Men, MILFs, and the Madonna-Whore Complex

Eira and I are home from our trip to Israel (I’ll try to write something about that soon). We’re off to Montana on Sunday, so the summer travels aren’t entirely concluded.

I do have a quick piece up at Good Men Project today: The Real Meaning of MILFs. Excerpt:

Though we had planned to have a home birth, in the end my wife needed a Cesearean in the hospital. (Our daughter was wedged into a breach position, and few obstetricians will support a vaginal breach birth these days.) I was at my wife’s side during the procedure, holding her hand and whispering encouragement, while watching with great interest as the surgeons did their work—blood and viscera galore.

I got to see the amazing moment Heloise was pulled (butt first, of course) from my wife’s body. I was there when our daughter latched on for the first time to Eira’s breast. I was awed and humbled by what I saw. And though I wasn’t turned on by watching the birth and the 15 months of subsequent breastfeeding, witnessing my wife’s transition into motherhood did nothing to reduce my attraction to her. That doesn’t make me unusual or heroic.

Read the whole thing. For an older piece on a similar subject, here’s my 2005 blog post Men, Childbirth, Lust.

5 thoughts on “Men, MILFs, and the Madonna-Whore Complex

  1. I think Furry Girl got it seriously wrong when she talked about “pedophilia”. If she had called it “exploiting your child as a prop in pornographic pictures” it would have been better. But the baby itself wasn’t sexualized.

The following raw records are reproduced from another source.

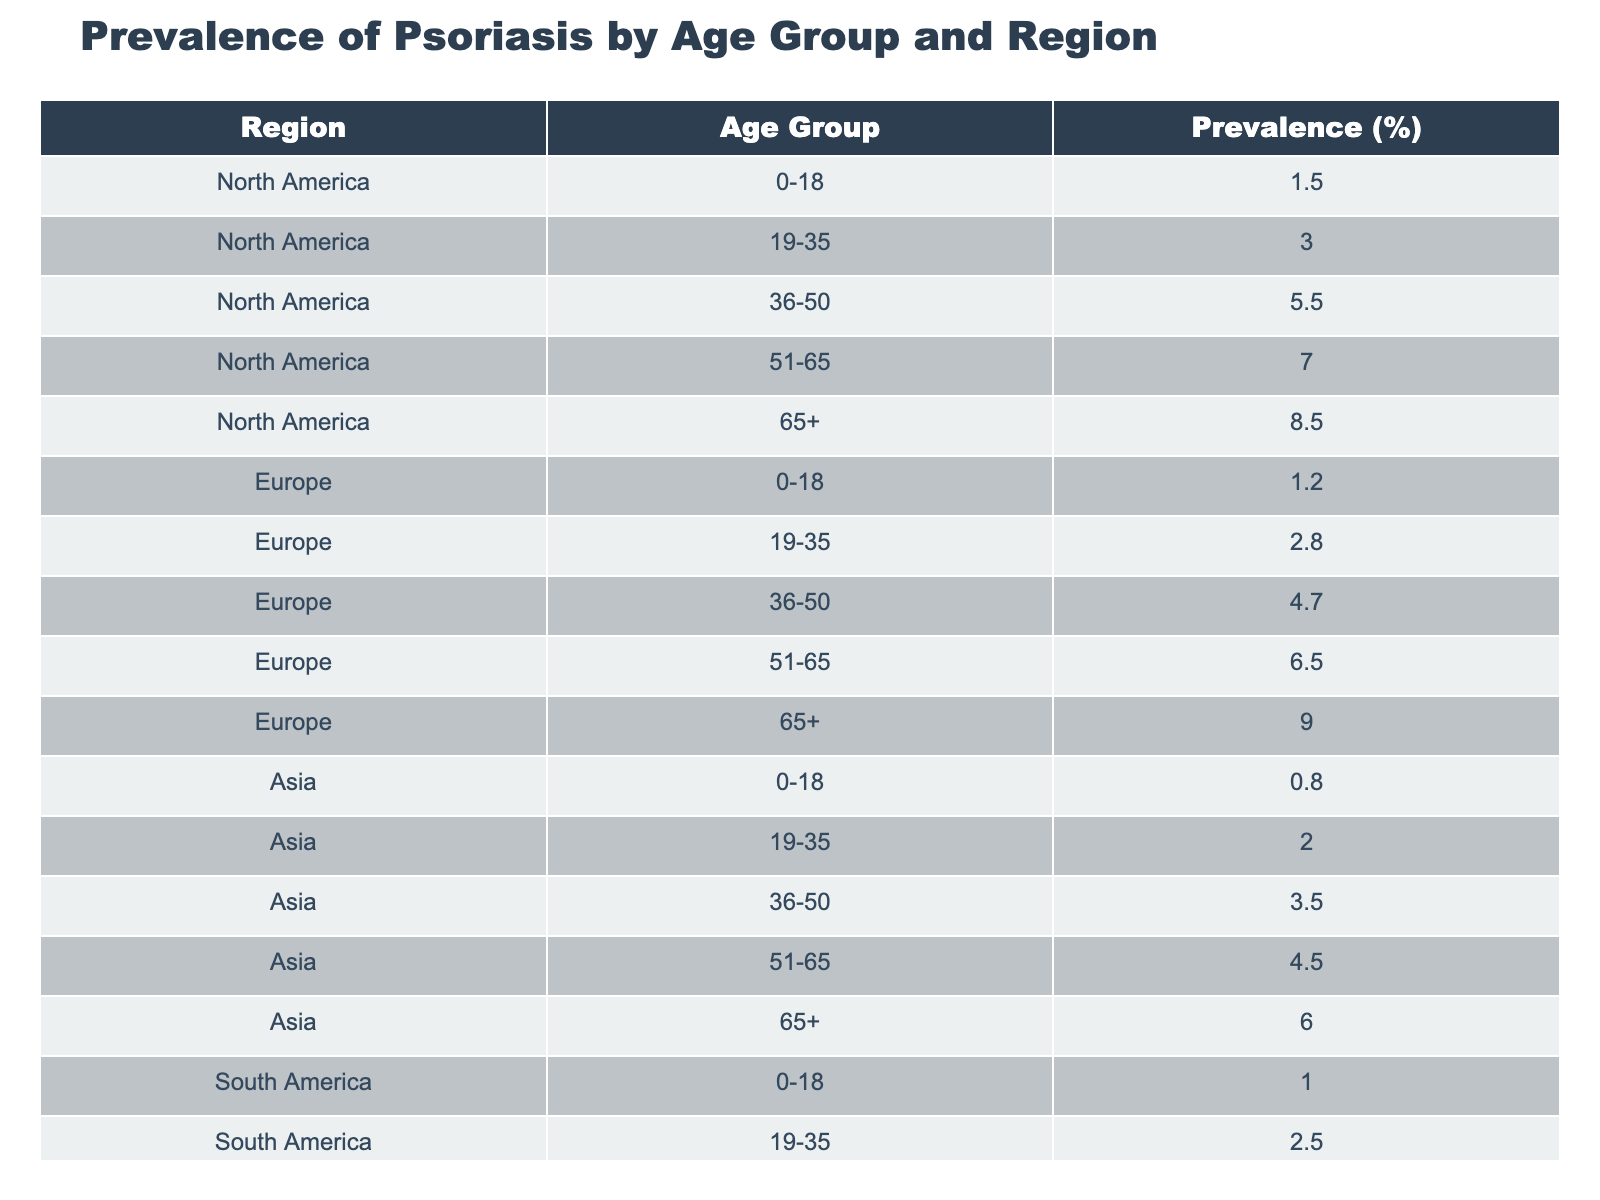What is the prevalence of psoriasis in the age group 51-65 in Europe? From the table, we can see that for the region of Europe, within the age group 51-65, the prevalence is listed directly as 6.5%.
Answer: 6.5% Which age group has the highest prevalence of psoriasis in North America? Reviewing the North America section, the age group with the highest prevalence is 65+, which has a value of 8.5%.
Answer: 65+ What is the average prevalence of psoriasis across all age groups in Asia? To find the average for Asia, we sum the prevalence values (0.8 + 2.0 + 3.5 + 4.5 + 6.0) = 16.8. There are 5 age groups, so we divide 16.8 by 5, which equals 3.36.
Answer: 3.36 Is the prevalence of psoriasis higher in South America or Asia for the age group 36-50? In South America, the prevalence for 36-50 is 4.0%, whereas in Asia it is 3.5%. Since 4.0% is greater than 3.5%, the prevalence is higher in South America.
Answer: Yes What is the difference in prevalence between the age group 19-35 and the age group 51-65 in Oceania? In Oceania, the prevalence for the age group 19-35 is 2.3%, while for the age group 51-65 it is 5.7%. The difference is calculated as 5.7 - 2.3 = 3.4%.
Answer: 3.4%

    However, it’s an intriguing argument. There are women out there calling themselves “lactivists” who are insisting that women should have the right to breast-feed babies in public–even up to toddler age–without it being considered a sexual display. And if that right isn’t given to them, they say it demeans women by forcing them into hiding. I know there’s a fight going on between some of these women and Facebook in particular, about whether pictures of women nursing babies should be allowed there. So if that’s innocent, is it still innocent when a porn star does it, given that she’s got a history of displaying her breasts for sexual reasons? Or maybe we should regard the images of the porn star with her baby as non-sexual, and the rest of the time she can be as sexual as she (and we) want. But then, does the presence of a suckling baby change the entire mood? It’s a challenge, that’s for sure.

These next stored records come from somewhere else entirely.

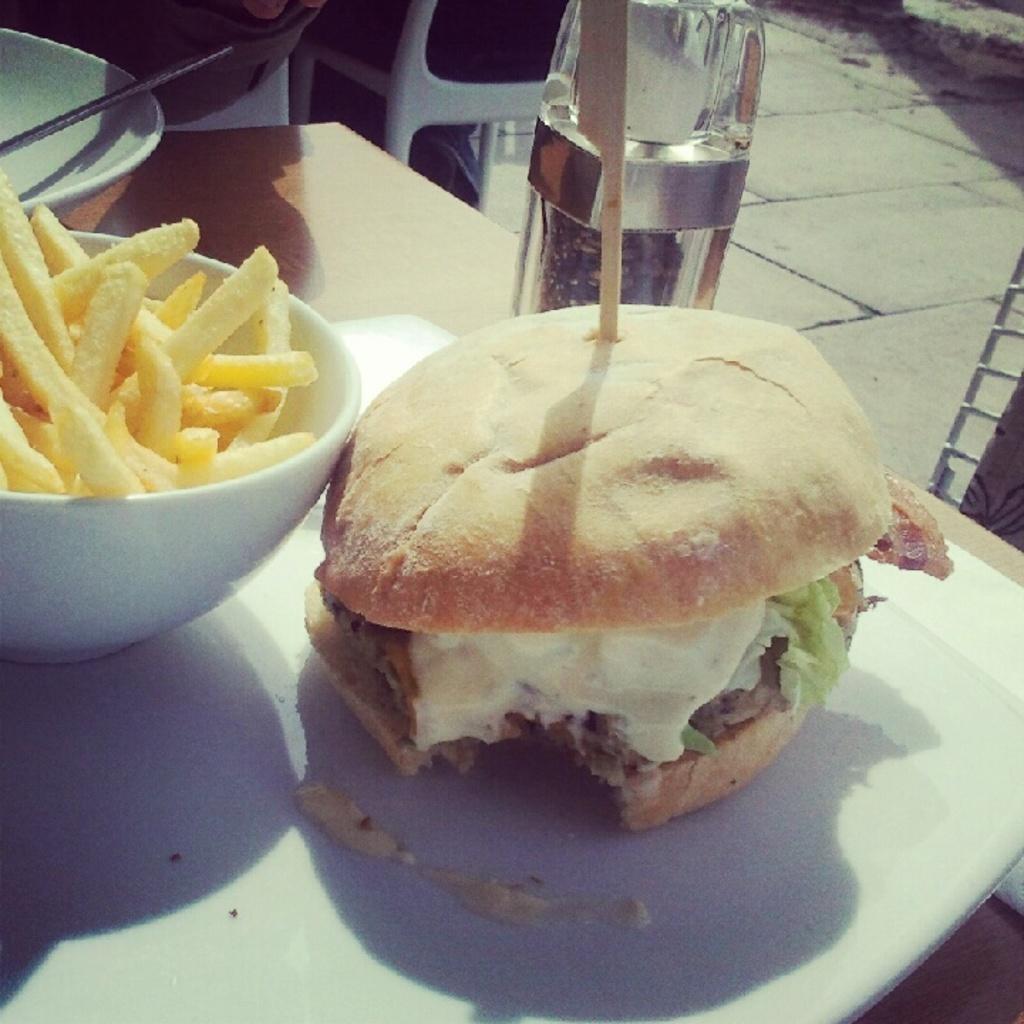Describe this image in one or two sentences. In this picture there is a burger and french fries in the bowl which is placed on the wooden table top. 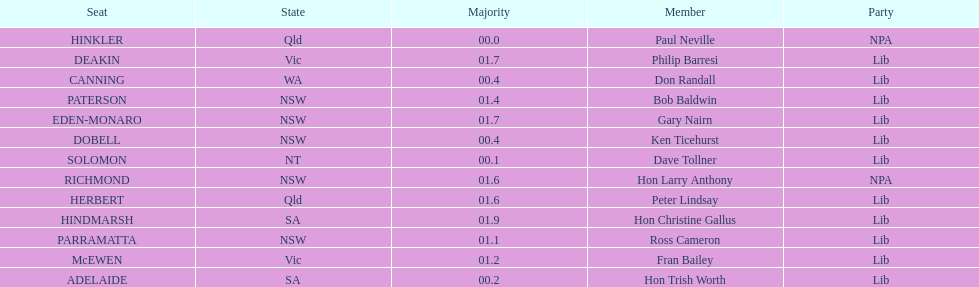What party had the most seats? Lib. 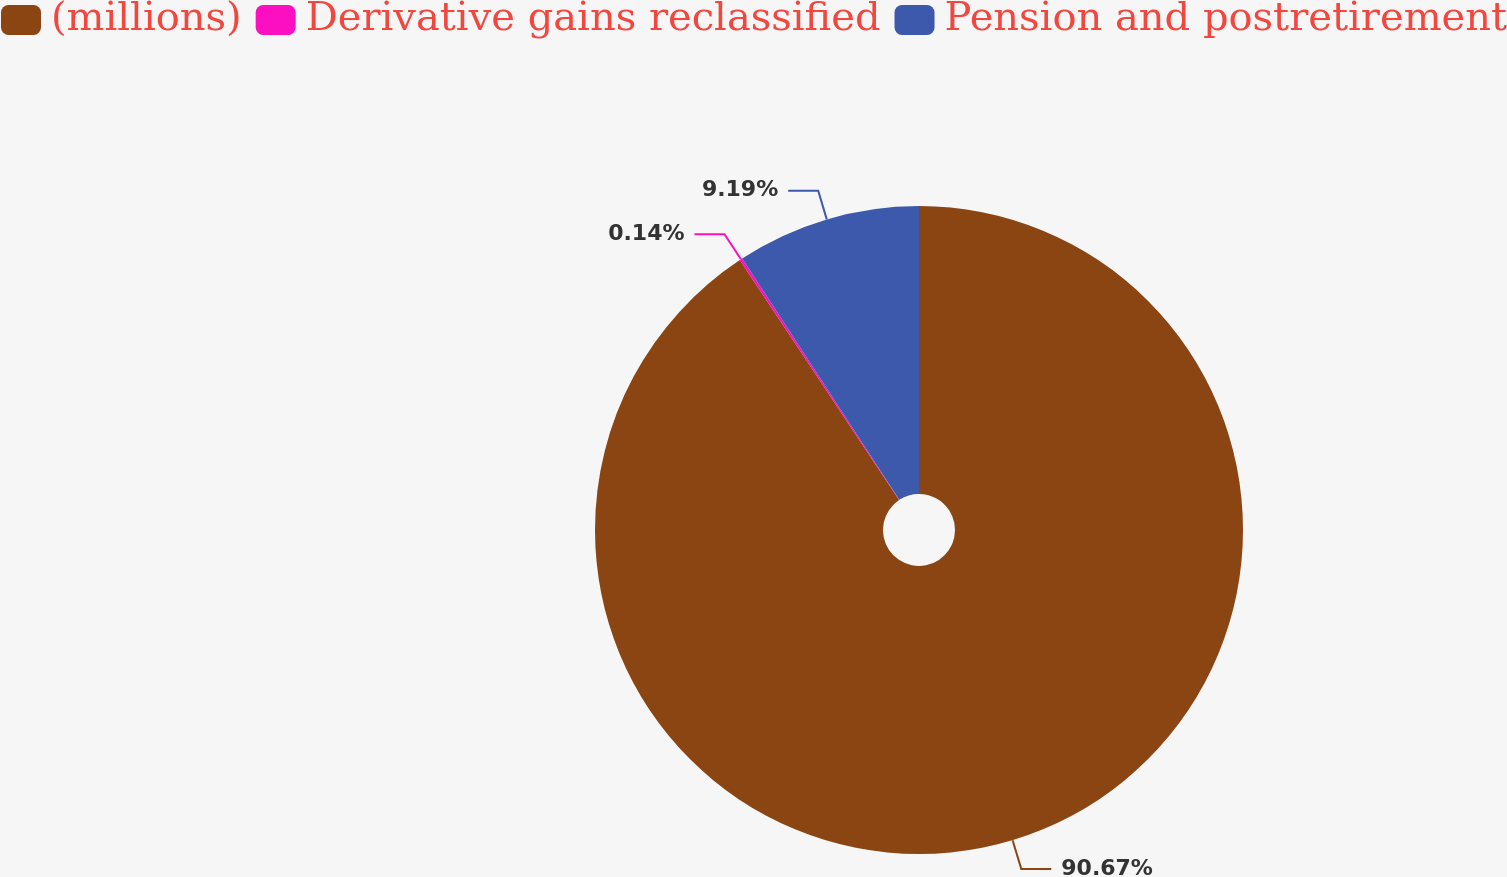Convert chart. <chart><loc_0><loc_0><loc_500><loc_500><pie_chart><fcel>(millions)<fcel>Derivative gains reclassified<fcel>Pension and postretirement<nl><fcel>90.68%<fcel>0.14%<fcel>9.19%<nl></chart>

    I’m having trouble with the new setup here. I wish there could be a clear indication of yes, your response went through (or is being held for moderation) or no, it didn’t. About to hit “submit” again. Sigh.

  2. I am not proud to say that while I am happily the lover of a MILF, there are certain effects of childbirth that can really mess with a woman’s MILFitude.

    The transformations of a woman’s body can include excessive weight gain beyond what is prescribe or needs to persist afterwards.

    Breastfeeding has been known to transform ample and firm breasts into pendulous loose sacks.

    A loving partner may /should accommodate to these changes with appreciation that what is demanded of them is support and validation for the person who has experienced these changes and continues to pay a price for being the agent of an incredibly courageous, life-giving process.

    Now, I love me some mommy-tummy, but I can’t deny that my socialization has, in a previous marriage, driven me to view these changes as a cost in terms of physical attractiveness.

    Though I struggled to rise above my impulses, I doubt I was fully successful in concealing the effect on my desire.

    I hope if I had it to do again, I wouuld do better.

  3. Randomizer, age eventually takes its toll on “ample and firm breasts” whether or not they’re attached to a pregnant (or nursing) woman.

  4. Yes, Mythago, and I believe that whatever issues we had with body changes were the least of the life changes we were failing to negotiate.

    The physical changes would have been surmountable if we had a better basis for honest communication. I, to this day, don’t know from her own words, how these aspects of the experience effected her.

    That lack of intimacy, more than the physical ravages of birth etc. Were what ultimately undid us.

    I think her sense of desirability and also her desire and more broadly her grasp of her sense of self vanished in a haze of future shock and exhaustion at the same time.

    It’s practically cliche, but the beginning of parenthood, for various reasons, spelled the end of our connection, our sex life and ultimately our marriage. Fifteen years later she still defines herself in relation to the kids and I fear that when the nest is empty, she will be truly lost. Sad story.